Слава осеклась — и неожиданно хрипло рассмеялась.
— Сдаюсь! — подняла она руки. — Заговорить тебе зубы не в моих силах!
— Значит, приступай сразу к делу.
— По-моему, ты не все нам рассказываешь.
— А должен?
— Если хочешь влезть к самим дьяволам, разреши хотя бы прикрыть тебе спину… — вопреки ее стараниям, звучало это вовсе не лихачески, но жалобно и почти просительно.
— Разрешаю! — произнес он царственно. — Теперь оставишь меня в покое?
Но от Славы было просто так не отделаться.
— Почему ты так рвешься в Пещерный Храм? — сощурилась она с подозрением. — Неужели, не терпится преподнести старикашке камешки?
— А если да?
— Не ври. Ты тот еще, конечно, ненормальный — но все же не такой идиот!
Огнезор вполне согласно ухмыльнулся.
— И что же жрец, скажи на милость, с ними сделает? — спросил он уже почти весело. — Без последнего камня, как ты знаешь, наши три совершенно бесполезны!..
— Надеешься, старик знает, где четвертый? — напряглась отчего-то девушка.
— Уверен! Как ты думаешь, почему же он так за Храм свой держится? Ведь не одно столетие там безлюдно! Ахары давно то место стороной обходят, а кроме них туда и забрести некому!..
— Совсем из ума выжил, что тут скажешь! — предположила Слава с показной небрежностью.
— Не так уж он и безумен, как кажется. Ты тамошний алтарь видела?
— «Дарующий силу»? — ядовито искривила она губы. — Нет. Зато тебя на нем вполне разглядела!
— Это к делу не относится, — Огнезор недовольно поморщился. — Алтарь в Храме очень подозрителен! Тогда я этого не понял, потому что не встречался с «дарующими» прежде… Но на Южном этим летом на один наткнулся: совсем слабенький, и совсем… другой. Только сила, без капли живого! Понимаешь, о чем я толкую?

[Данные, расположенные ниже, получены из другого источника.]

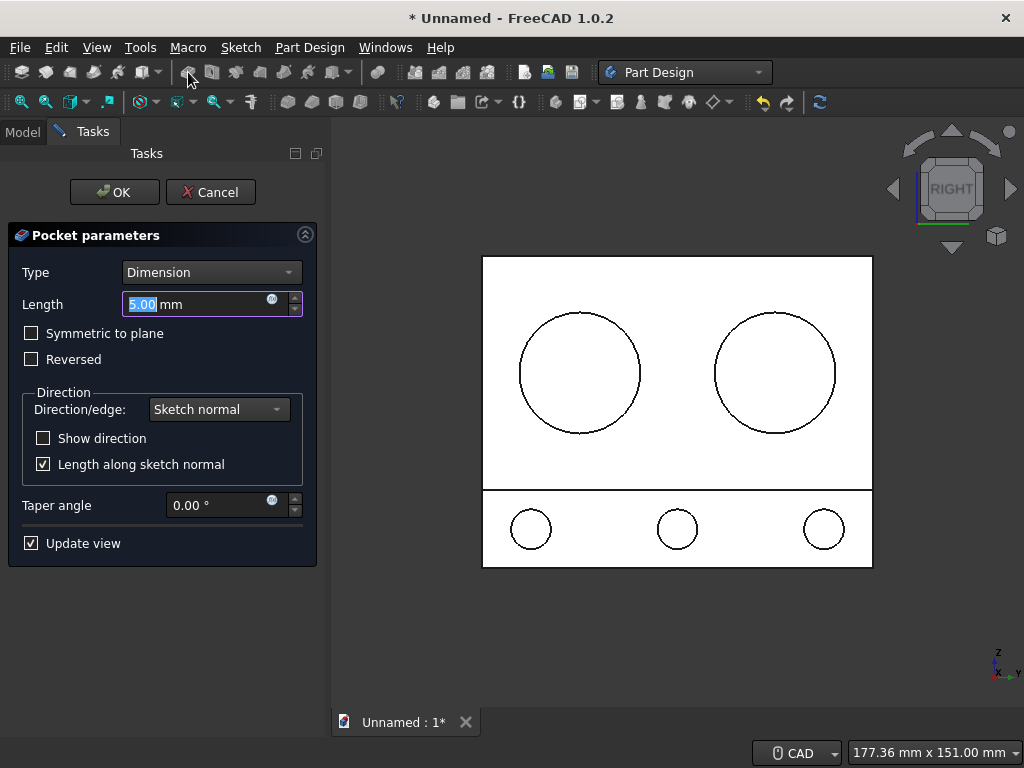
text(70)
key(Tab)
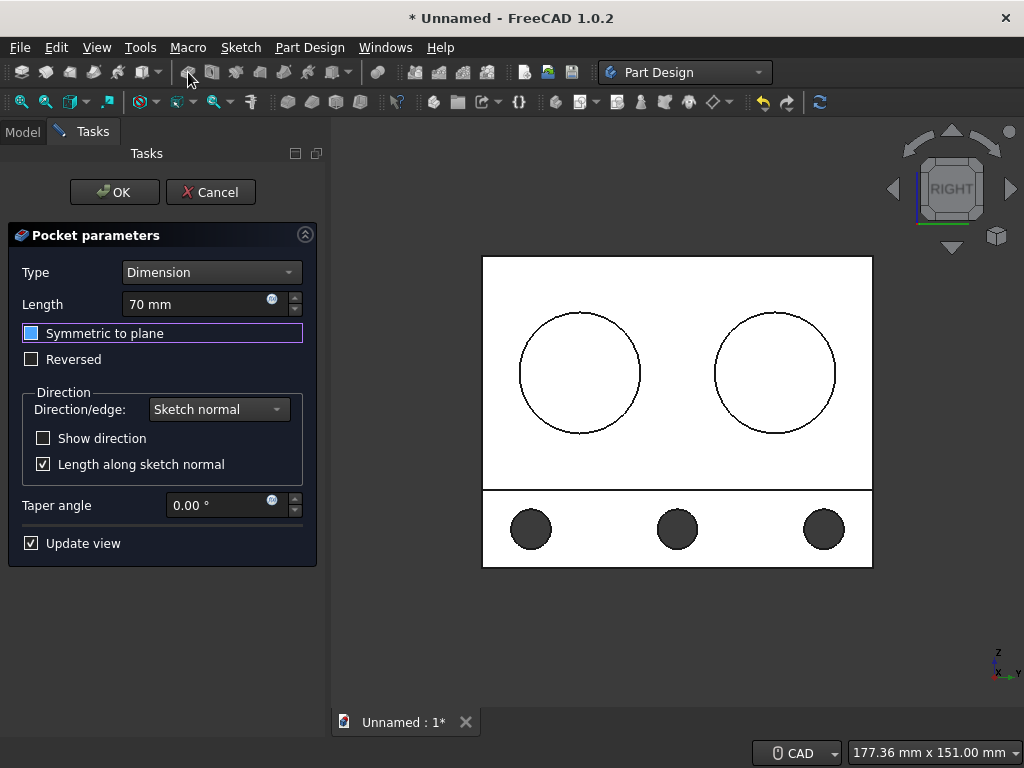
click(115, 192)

— Да чего уж тут непонятного! — еще больше напряглась черноглазая. — Если алтарь — и есть твой четвертый камень, значит скоро и до душ ты доберешься…
— Что-то не замечаю я в тебе радости.
— А чему ты предлагаешь радоваться?! — вскинулась она с внезапной яростью. — Заключенные твои давно свихнулись! Ты сам это прекрасно понимаешь, но все равно хочешь запихнуть этот ужас себе в голову!..
— Воспоминания их никуда не делись, хотя личность, наверняка, и разрушена…
— Да ты ведь заразишься их безумием! Безумием сразу четверых, Огнезор! — говорила Слава сипло и тихо, но, казалось, будто вдруг закричала. — Нам и собственного-то безумия хватает! Неужели, совсем не боишься?..
Он вгляделся в ее бледное лицо — слишком белое в светящемся над озером мареве, — по-прежнему не вполне уверенный… Еще в сомненьях, стоит ли затевать задуманное? Можно ли настолько ей довериться?..
Смотрел долго и внимательно в молоком разлившейся вдруг над водой тишине.
Слава уже молчала — упрямо поджав губы, не сводя с него злого, горького взгляда бездонно-черных глаз… И было сейчас в ней что-то такое… уязвимо-обреченное. Слишком знакомое…
Был в ней ужас. Безграничный, нелепый ужас, что рождается слепо в груди, когда человек, вокруг которого вертится весь твой мир, готов вот-вот сунуть голову в пасть к зимнему барсу. Бездумно, лихо, на твоих глазах — а ты ничего не можешь сделать. Только смотреть и молиться в панике: «Хоть бы не… Хоть бы не…».